At the modem end of the subscriber loop, it is the function of the modem receiver to recover digital data from the received analog signal. Modem receivers, such as the receiver 28 in FIG. 1, typically include an adaptive equalizer, which is a digital signal processing device that dynamically adjusts the response of a modem's receiver. An adaptive equalizer may compensate for deleterious effects of the subscriber loops, which effects vary from connection to connection, as well as with time.
Devices are known that include adaptive equalizers. For example, U.S. Pat. No. 5,528,625 issued to Ayanoglu et al. shows a high speed modem with an equalization arrangement.
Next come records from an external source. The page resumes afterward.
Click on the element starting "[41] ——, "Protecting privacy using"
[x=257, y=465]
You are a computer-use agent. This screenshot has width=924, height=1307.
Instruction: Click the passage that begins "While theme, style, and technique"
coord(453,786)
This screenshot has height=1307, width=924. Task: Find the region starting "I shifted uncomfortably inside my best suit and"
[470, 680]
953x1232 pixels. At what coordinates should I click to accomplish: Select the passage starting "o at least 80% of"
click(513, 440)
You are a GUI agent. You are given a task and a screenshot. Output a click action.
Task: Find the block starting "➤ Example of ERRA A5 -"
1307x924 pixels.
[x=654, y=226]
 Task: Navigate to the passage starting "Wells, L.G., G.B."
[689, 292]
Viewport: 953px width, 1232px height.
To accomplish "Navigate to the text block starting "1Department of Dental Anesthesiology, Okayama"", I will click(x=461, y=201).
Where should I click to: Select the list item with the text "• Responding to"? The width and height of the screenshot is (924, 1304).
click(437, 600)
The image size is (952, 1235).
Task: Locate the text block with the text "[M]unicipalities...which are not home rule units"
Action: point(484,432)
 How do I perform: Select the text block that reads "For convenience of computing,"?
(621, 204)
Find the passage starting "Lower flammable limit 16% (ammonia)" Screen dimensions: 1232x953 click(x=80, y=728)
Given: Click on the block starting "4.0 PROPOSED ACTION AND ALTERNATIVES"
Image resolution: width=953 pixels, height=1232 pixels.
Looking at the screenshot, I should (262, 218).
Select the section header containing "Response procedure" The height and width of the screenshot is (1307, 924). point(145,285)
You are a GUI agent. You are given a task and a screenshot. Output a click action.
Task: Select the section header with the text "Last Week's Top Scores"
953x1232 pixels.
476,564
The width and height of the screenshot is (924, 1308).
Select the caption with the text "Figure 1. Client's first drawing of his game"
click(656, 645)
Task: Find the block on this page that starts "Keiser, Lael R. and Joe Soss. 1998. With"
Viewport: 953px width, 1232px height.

The receiver component of the modem includes an analog-to-digital converter having an output that is coupled to six parallel receiver equalizers. Each of the receiver equalizers produces a sample stream that is operated on by a corresponding slicer to produce six slicer output symbol streams. A decoder maps the symbol streams into a data output stream. Training of the receiver equalizers is aided by an adaptation service unit within the digital telephone network. The adaptation service unit causes a known training sequence to be transmitted to the receiver. Appropriate coefficient settings for the six parallel receiver equalizers are then determined from the difference between their outputs and the known training sequence.
A disadvantage of the Ayanoglu device is its use of an adaptation service unit within the digital telephone network. It is desirable to avoid the addition of such structures to the digital telephone network infrastructure.
A further disadvantage of the Ayanoglu device is its use of six parallel receiver equalizers. It is desirable to minimize receiver complexity.
Accordingly, it would be desirable to have an improved method and apparatus for adaptively equalizing a signal received from a remote transmitter.